▸ EXTRACTED MATERIAL
= Beginning of Section =

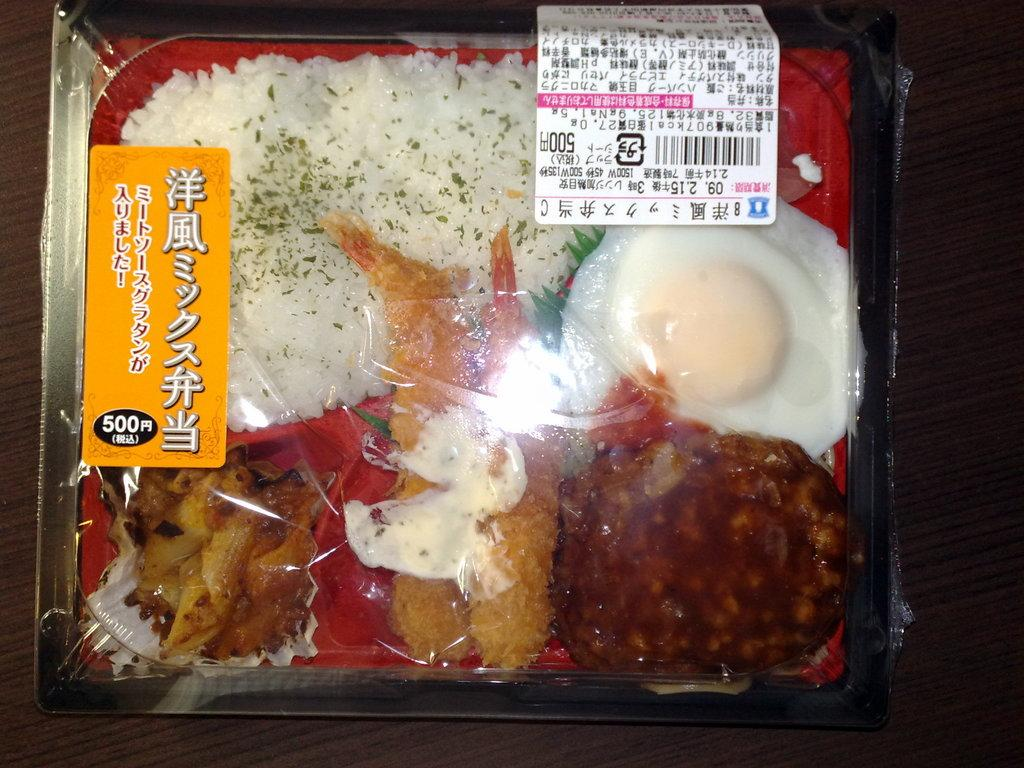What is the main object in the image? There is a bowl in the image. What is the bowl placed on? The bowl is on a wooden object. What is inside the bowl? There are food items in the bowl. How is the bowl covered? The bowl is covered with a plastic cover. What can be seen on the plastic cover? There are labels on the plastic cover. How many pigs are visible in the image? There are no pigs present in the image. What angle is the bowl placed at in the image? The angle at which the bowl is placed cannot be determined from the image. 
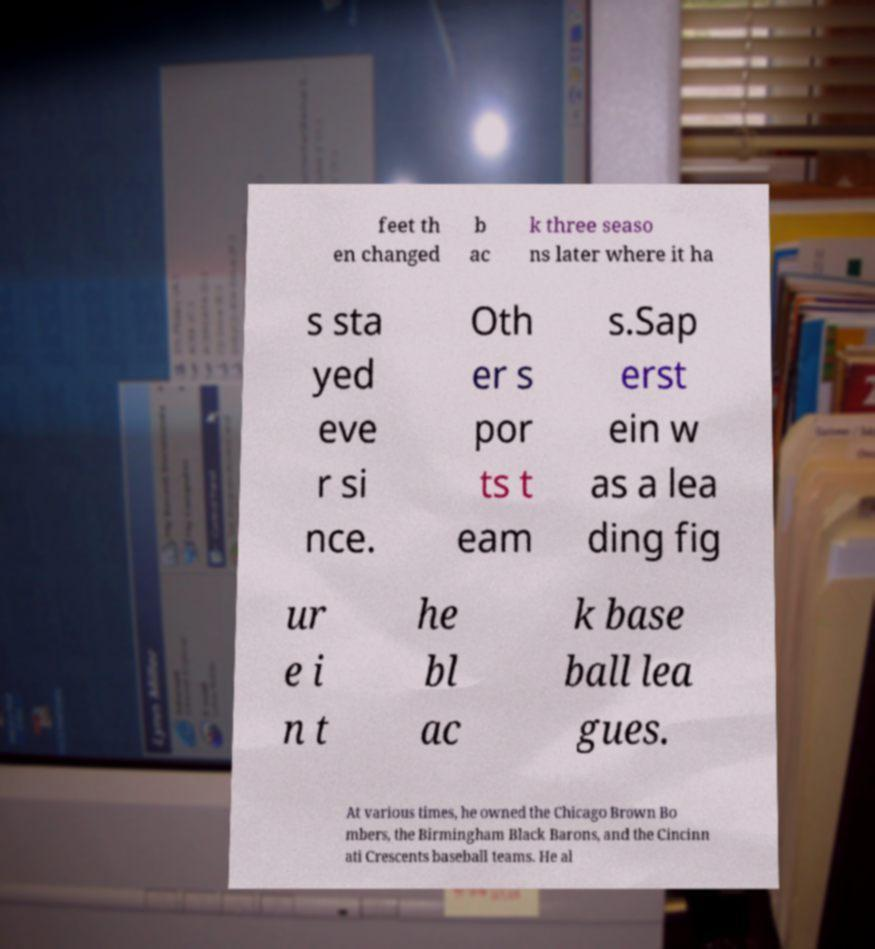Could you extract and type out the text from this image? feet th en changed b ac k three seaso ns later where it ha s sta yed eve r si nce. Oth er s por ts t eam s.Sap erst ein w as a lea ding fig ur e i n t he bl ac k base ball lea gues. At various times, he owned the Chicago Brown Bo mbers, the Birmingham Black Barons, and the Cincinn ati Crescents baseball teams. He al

= End of Section =
= Beginning of Section =

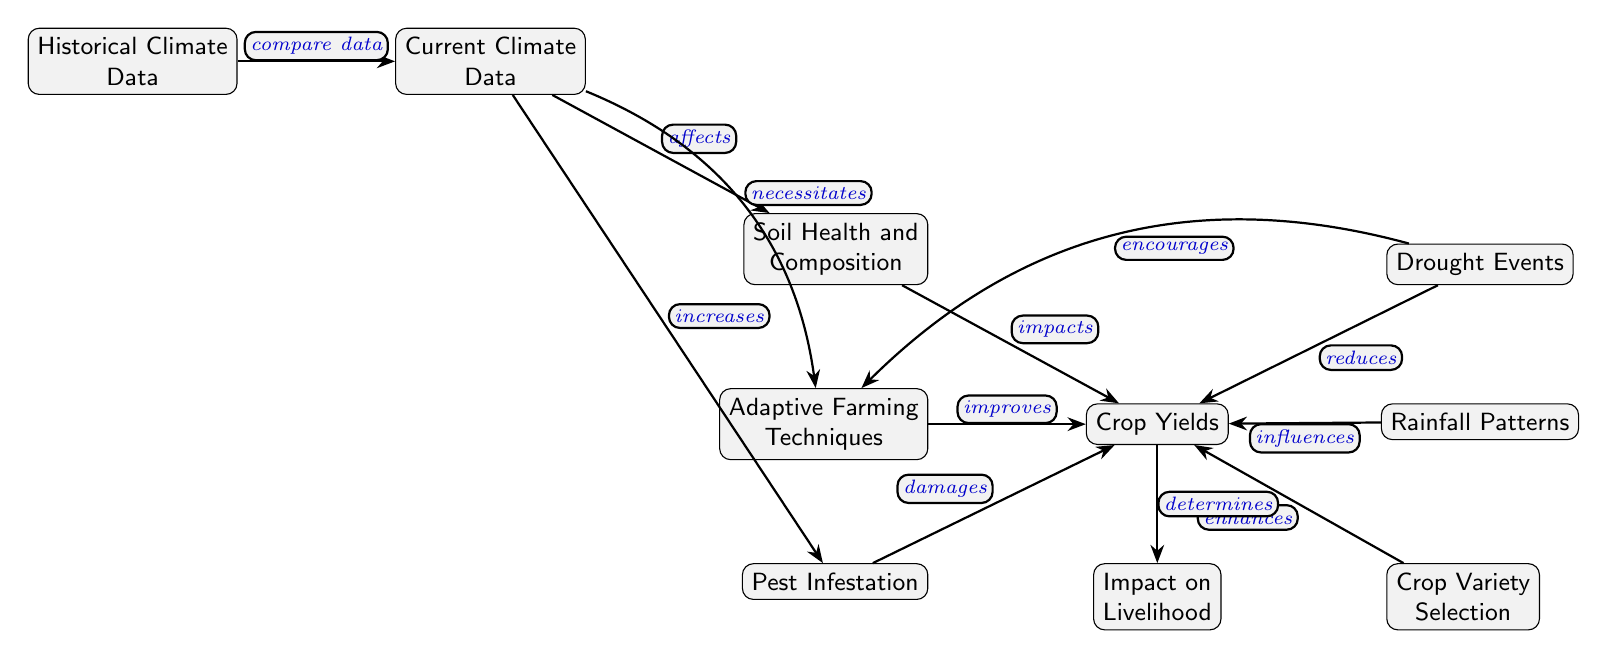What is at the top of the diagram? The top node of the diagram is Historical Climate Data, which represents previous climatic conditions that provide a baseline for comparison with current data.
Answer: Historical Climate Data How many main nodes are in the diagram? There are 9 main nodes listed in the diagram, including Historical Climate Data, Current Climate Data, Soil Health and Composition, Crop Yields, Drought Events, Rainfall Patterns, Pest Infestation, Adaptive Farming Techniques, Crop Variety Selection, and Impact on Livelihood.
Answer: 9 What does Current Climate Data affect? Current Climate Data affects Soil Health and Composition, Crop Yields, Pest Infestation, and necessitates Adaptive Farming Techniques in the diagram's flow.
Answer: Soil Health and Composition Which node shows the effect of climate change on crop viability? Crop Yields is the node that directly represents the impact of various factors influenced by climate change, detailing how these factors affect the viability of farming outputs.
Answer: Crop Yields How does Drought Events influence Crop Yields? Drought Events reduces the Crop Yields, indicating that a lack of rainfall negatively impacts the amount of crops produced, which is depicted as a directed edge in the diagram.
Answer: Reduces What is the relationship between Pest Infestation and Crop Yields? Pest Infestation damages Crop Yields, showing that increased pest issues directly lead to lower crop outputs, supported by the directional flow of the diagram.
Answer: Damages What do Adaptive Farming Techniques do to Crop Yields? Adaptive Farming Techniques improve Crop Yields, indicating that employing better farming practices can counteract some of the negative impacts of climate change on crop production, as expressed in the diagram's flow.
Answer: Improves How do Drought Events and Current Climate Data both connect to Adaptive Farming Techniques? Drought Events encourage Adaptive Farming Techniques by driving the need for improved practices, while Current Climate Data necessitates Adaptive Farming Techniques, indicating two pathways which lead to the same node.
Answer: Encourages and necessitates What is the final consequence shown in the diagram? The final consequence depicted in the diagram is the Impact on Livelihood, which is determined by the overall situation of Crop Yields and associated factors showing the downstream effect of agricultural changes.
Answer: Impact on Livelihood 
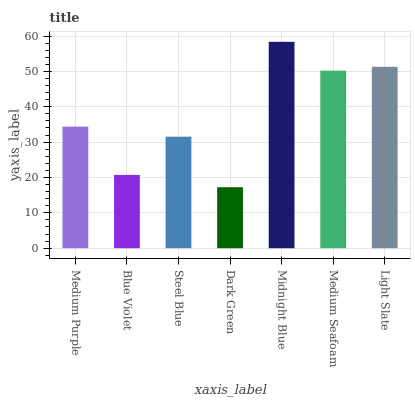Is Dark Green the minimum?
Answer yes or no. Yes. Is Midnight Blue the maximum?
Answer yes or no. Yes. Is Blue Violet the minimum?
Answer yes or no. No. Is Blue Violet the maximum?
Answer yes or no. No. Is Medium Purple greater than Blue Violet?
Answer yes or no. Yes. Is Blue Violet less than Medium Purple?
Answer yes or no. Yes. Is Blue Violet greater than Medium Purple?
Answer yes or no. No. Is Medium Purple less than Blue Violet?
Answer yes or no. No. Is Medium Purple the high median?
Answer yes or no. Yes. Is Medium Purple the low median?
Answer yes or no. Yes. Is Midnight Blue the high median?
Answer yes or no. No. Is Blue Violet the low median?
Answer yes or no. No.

= End of Section =
= Beginning of Section =

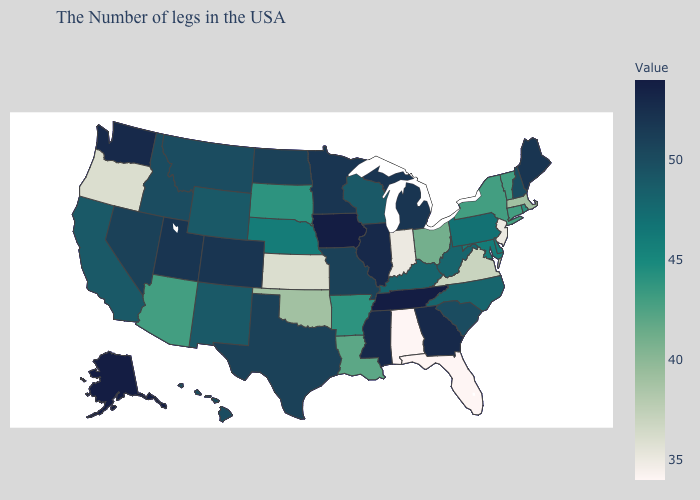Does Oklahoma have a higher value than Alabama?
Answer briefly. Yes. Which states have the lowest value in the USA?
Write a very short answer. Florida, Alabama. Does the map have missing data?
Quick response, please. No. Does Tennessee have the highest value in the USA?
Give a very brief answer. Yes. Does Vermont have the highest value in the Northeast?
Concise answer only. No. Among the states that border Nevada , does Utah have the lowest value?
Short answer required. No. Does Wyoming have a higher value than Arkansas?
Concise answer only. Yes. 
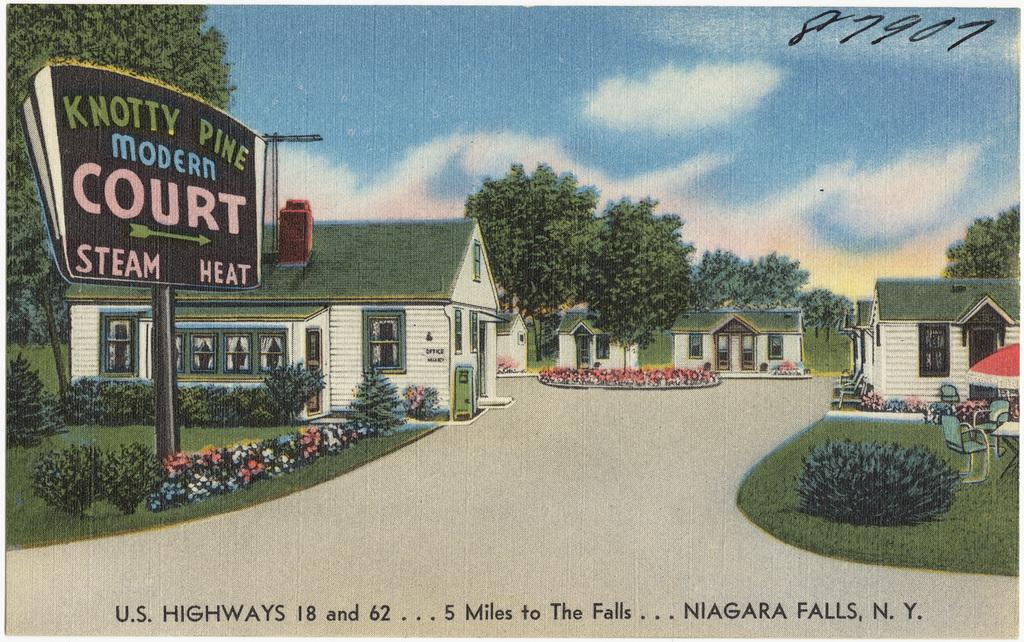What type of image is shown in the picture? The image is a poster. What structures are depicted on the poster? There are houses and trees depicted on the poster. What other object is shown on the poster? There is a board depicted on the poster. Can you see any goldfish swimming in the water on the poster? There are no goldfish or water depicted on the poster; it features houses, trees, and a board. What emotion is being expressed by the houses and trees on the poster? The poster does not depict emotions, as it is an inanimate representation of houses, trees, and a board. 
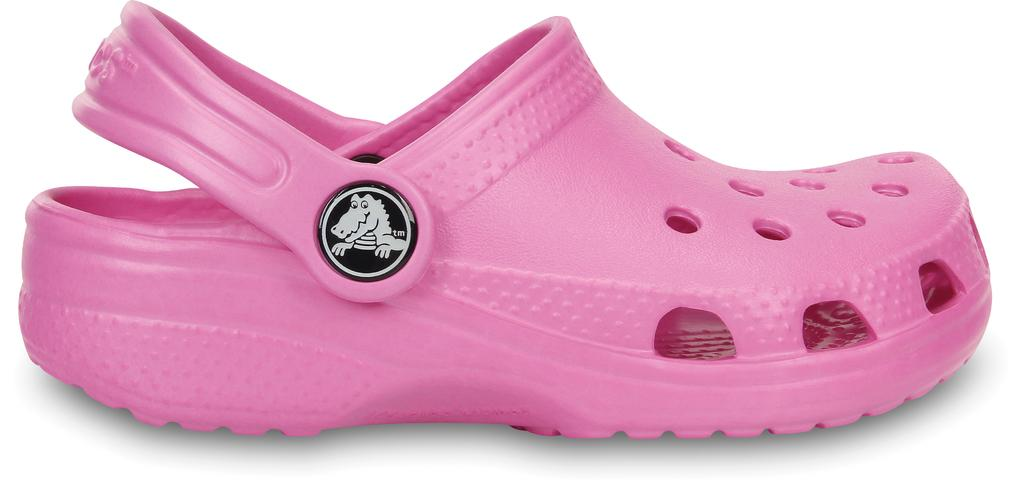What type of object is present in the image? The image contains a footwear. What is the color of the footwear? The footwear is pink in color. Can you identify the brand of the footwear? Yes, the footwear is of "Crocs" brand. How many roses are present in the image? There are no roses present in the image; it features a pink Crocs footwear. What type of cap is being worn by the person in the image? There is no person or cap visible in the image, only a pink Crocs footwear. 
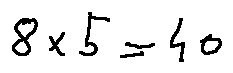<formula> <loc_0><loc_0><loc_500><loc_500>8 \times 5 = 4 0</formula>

= End of Section =

▸ PROBLEM TO WORK ON
Starting at the line that contains "Answer briefly. Yes." and ending at the line that contains "<formula> <loc_0><loc_0><loc_500><loc_500>8 \times", transcribe the material above exactly, excluding pictures.

▸ RESULT OF THIS EXERCISE
Answer briefly. Yes. Which states have the lowest value in the USA?
Write a very short answer. Florida, Alabama. Does the map have missing data?
Quick response, please. No. Does Tennessee have the highest value in the USA?
Give a very brief answer. Yes. Does Vermont have the highest value in the Northeast?
Concise answer only. No. Among the states that border Nevada , does Utah have the lowest value?
Short answer required. No. Does Wyoming have a higher value than Arkansas?
Concise answer only. Yes. 
What type of image is shown in the picture? The image is a poster. What structures are depicted on the poster? There are houses and trees depicted on the poster. What other object is shown on the poster? There is a board depicted on the poster. Can you see any goldfish swimming in the water on the poster? There are no goldfish or water depicted on the poster; it features houses, trees, and a board. What emotion is being expressed by the houses and trees on the poster? The poster does not depict emotions, as it is an inanimate representation of houses, trees, and a board. 
What type of object is present in the image? The image contains a footwear. What is the color of the footwear? The footwear is pink in color. Can you identify the brand of the footwear? Yes, the footwear is of "Crocs" brand. How many roses are present in the image? There are no roses present in the image; it features a pink Crocs footwear. What type of cap is being worn by the person in the image? There is no person or cap visible in the image, only a pink Crocs footwear. 
<formula> <loc_0><loc_0><loc_500><loc_500>8 \times 5 = 4 0</formula>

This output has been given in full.